Vocabulary : Waterweed to Wattle

Waterweed : See Anacharis.
Water-white : A vinelike plant (Vitis Caribaea) growing in parched districts in the West Indies, and containing a great amount of sap which is sometimes used for quenching thirst.
Waterwork : Painting executed in size or distemper, on canvas or walls, -- formerly, frequently taking the place of tapestry. ;; An hydraulic apparatus, or a system of works or fixtures, by which a supply of water is furnished for useful or ornamental purposes, including dams, sluices, pumps, aqueducts, distributing pipes, fountains, etc.; -- used chiefly in the plural.
Waterworn : Worn, smoothed, or polished by the action of water; as, waterworn stones.
Waterwort : Any plant of the natural order Elatineae, consisting of two genera (Elatine, and Bergia), mostly small annual herbs growing in the edges of ponds. Some have a peppery or acrid taste.
Watery : Of or pertaining to water; consisting of water. ;; Abounding with water; wet; hence, tearful. ;; Resembling water; thin or transparent, as a liquid; as, watery humors. ;; Hence, abounding in thin, tasteless, or insipid fluid; tasteless; insipid; vapid; spiritless.

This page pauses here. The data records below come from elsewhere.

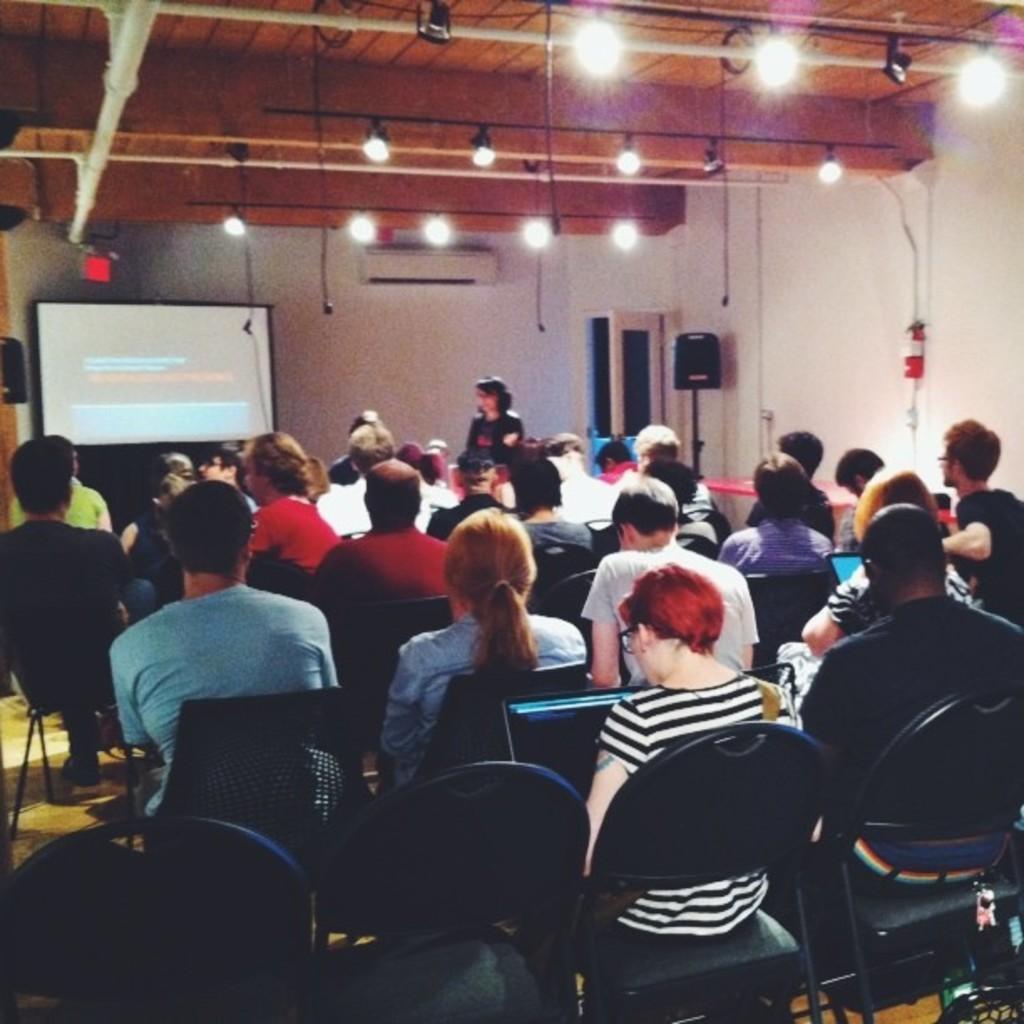Please provide a concise description of this image. In this image I can see there are the group of people sitting on chair and i can see a woman standing in front of screen ,and the screen visible in the middle and I can see window , stand and lights attached to the roof visible in the middle. 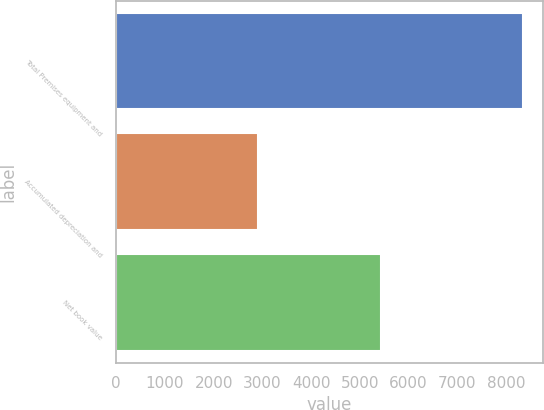<chart> <loc_0><loc_0><loc_500><loc_500><bar_chart><fcel>Total Premises equipment and<fcel>Accumulated depreciation and<fcel>Net book value<nl><fcel>8337<fcel>2909<fcel>5428<nl></chart> 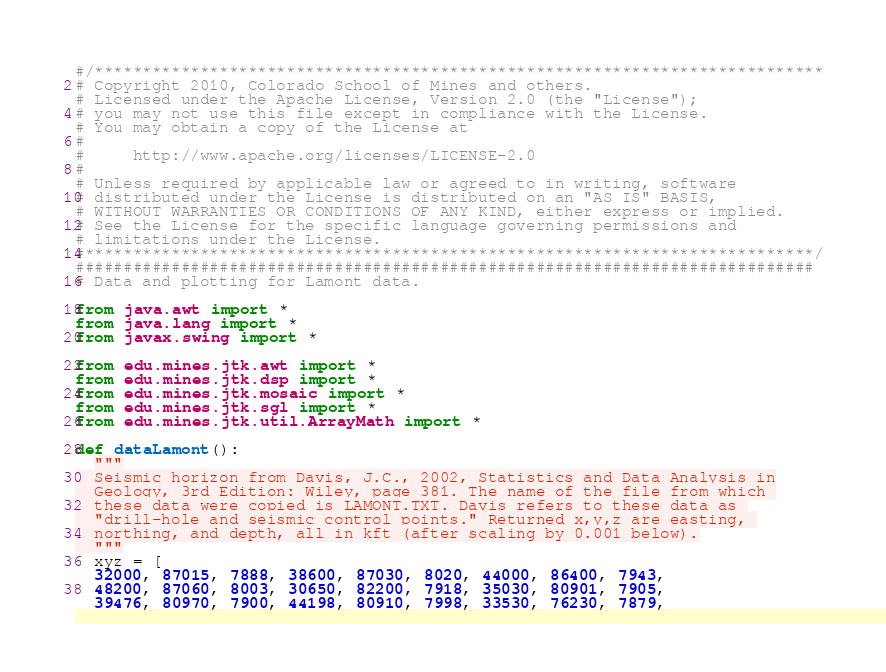<code> <loc_0><loc_0><loc_500><loc_500><_Python_>#/****************************************************************************
# Copyright 2010, Colorado School of Mines and others.
# Licensed under the Apache License, Version 2.0 (the "License");
# you may not use this file except in compliance with the License.
# You may obtain a copy of the License at
#
#     http://www.apache.org/licenses/LICENSE-2.0
#
# Unless required by applicable law or agreed to in writing, software
# distributed under the License is distributed on an "AS IS" BASIS,
# WITHOUT WARRANTIES OR CONDITIONS OF ANY KIND, either express or implied.
# See the License for the specific language governing permissions and
# limitations under the License.
#****************************************************************************/
#############################################################################
# Data and plotting for Lamont data.

from java.awt import *
from java.lang import *
from javax.swing import *

from edu.mines.jtk.awt import *
from edu.mines.jtk.dsp import *
from edu.mines.jtk.mosaic import *
from edu.mines.jtk.sgl import *
from edu.mines.jtk.util.ArrayMath import *

def dataLamont():
  """
  Seismic horizon from Davis, J.C., 2002, Statistics and Data Analysis in
  Geology, 3rd Edition: Wiley, page 381. The name of the file from which 
  these data were copied is LAMONT.TXT. Davis refers to these data as 
  "drill-hole and seismic control points." Returned x,y,z are easting, 
  northing, and depth, all in kft (after scaling by 0.001 below).
  """
  xyz = [
  32000, 87015, 7888, 38600, 87030, 8020, 44000, 86400, 7943,
  48200, 87060, 8003, 30650, 82200, 7918, 35030, 80901, 7905,
  39476, 80970, 7900, 44198, 80910, 7998, 33530, 76230, 7879,</code>

Watt : A unit of power or activity equal to 107 C.G.S. units of power, or to work done at the rate of one joule a second. An English horse power is approximately equal to 746 watts.
Watteau : Having the appearance of that which is seen in pictures by Antoine Watteau, a French painter of the eighteenth century; -- said esp. of women's garments; as, a Watteau bodice.
Watteau back : The back of a woman's gown in which one or more very broad folds are carried from the neck to the floor without being held in at the waist, while the front and sides of the gown are shaped to the person and have a belt or its equivalent.
Wattle : Material consisting of wattled twigs, withes, etc., used for walls, fences, and the like. ;; In Australasia, any tree of the genus Acacia; -- so called from the wattles, or hurdles, which the early settlers made of the long, pliable branches or of the split stems of the slender species. ;; A twig or flexible rod; hence, a hurdle made of such rods. ;; A rod laid on a roof to support the thatch. ;; A naked fleshy, and usually wrinkled and highly colored, process of the skin hanging from the chin or throat of a bird or reptile. ;; Barbel of a fish. ;; The astringent bark of several Australian trees of the genus Acacia, used in tanning; -- called also wattle bark. ;; The trees from which the bark is obtained. See Savanna wattle, under Savanna. ;; To bind with twigs. ;; To twist or interweave, one with another, as twigs; to form a network with; to plat; as, to wattle branches. ;; To form, by interweaving or platting twigs.